Recycling properly not only saves landfill space and improves the health of the environment, but it also supports jobs and helps spur local economies. The economic impact of tripling the recycling rate to 45 percent would support 138,000 new jobs in Michigan's recycling industry, providing $9 billion in annual labor income and $33.8 billion in economic output according to a study commissioned by EGLE. By turning waste materials into new products made in Michigan, EGLE and its partners plan to achieve the state's goals of saving resources, protecting the climate, and contributing to the prosperity of Michigan-based companies.

"At EGLE, we know that recycling is one of the most important things you can do every day to make a positive difference for our environment and climate," said Elizabeth M. Browne, director of EGLE's Materials Management Division. "But what many Michiganders often don't realize is that recycling has become an essential tool in supporting our state's local economies, businesses big and small, and major employers in the manufacturing sector."

Genesee County is among ten Michigan communities representing approximately 640,000 households that EGLE has partnered with to improve recycling materials. The others are:  the cities of Battle Creek, Kalamazoo, Lansing, Grand Rapids, Bay City; Marquette and Emmet County; Southeastern Oakland County Resource Recovery Authority;  and Resource Recovery and Recycling Authority of Southwest Oakland County.

The campaign in Genesee County will continue through the fall, and messages will appear on social media advertising, billboards and local television commercials. EGLE provides all funding for the campaign, with no use of local taxpayer resources.

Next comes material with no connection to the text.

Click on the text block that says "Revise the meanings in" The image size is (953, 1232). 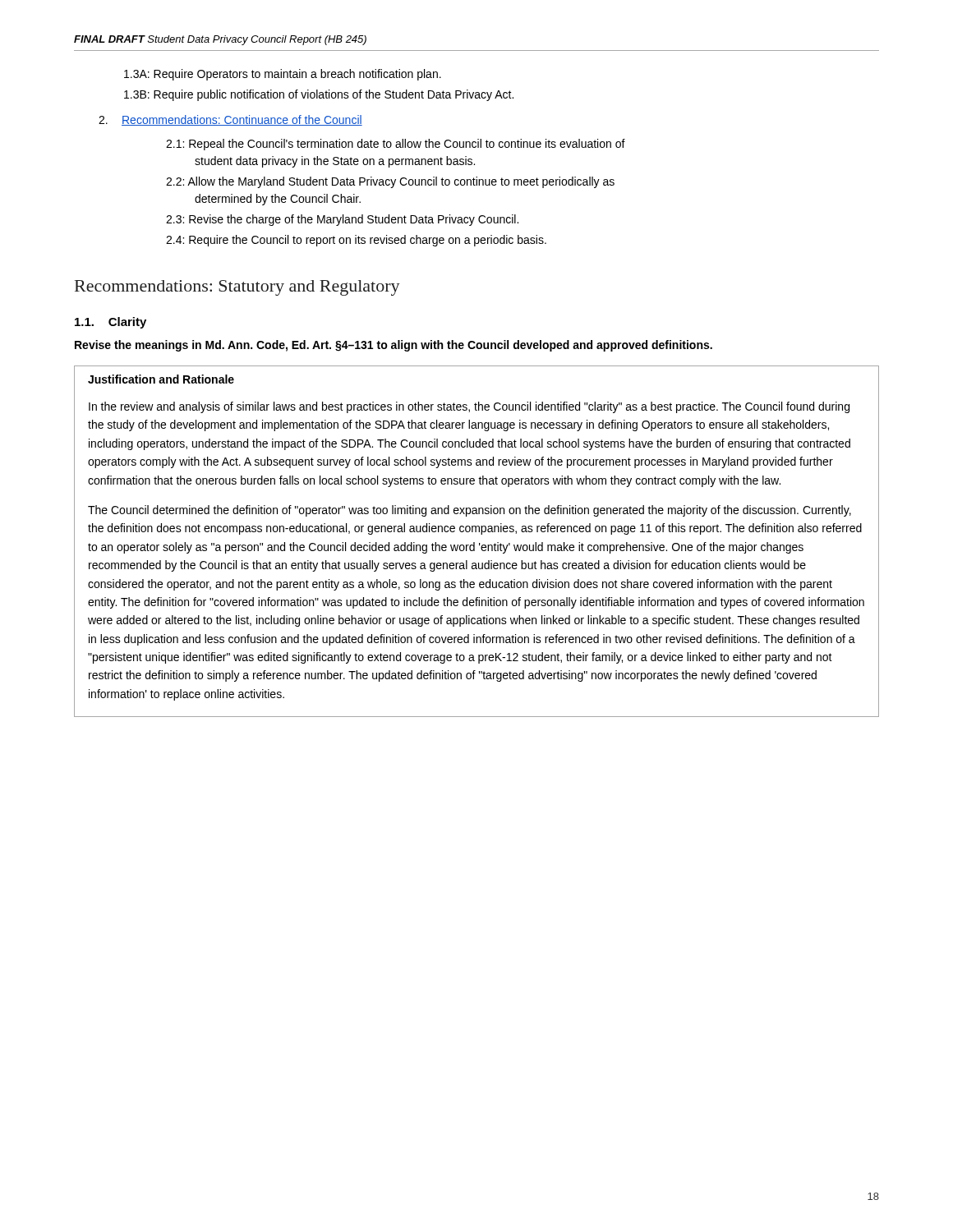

The emphasis on proper recycling also will help support climate objectives set in Governor Gretchen Whitmer's MI Healthy Climate Plan, which has a goal of achieving economywide carbon neutrality by 2050.

"We are eager to engage with Genesee County on this hyperlocal public education campaign, because now, more than ever, Michigan residents view recycling as an essential public service," Browne said. "That is why it's important to communicate with the public, so we can improve the quality of materials being recycled that can then be transformed into raw materials. By recycling smarter, we create a healthier and less wasteful planet, and ultimately this supports jobs and promotes stronger, healthier communities."

The EGLE partnership with Genesee County aligns with EGLE's national award-winning "Know It Before You Throw It" recycling education campaign featuring the Recycling Raccoon Squad. The campaign promotes best practices and emphasizes that recycling materials saves energy, reduces water use, decreases greenhouse gases, conserves resources, and translates into local jobs.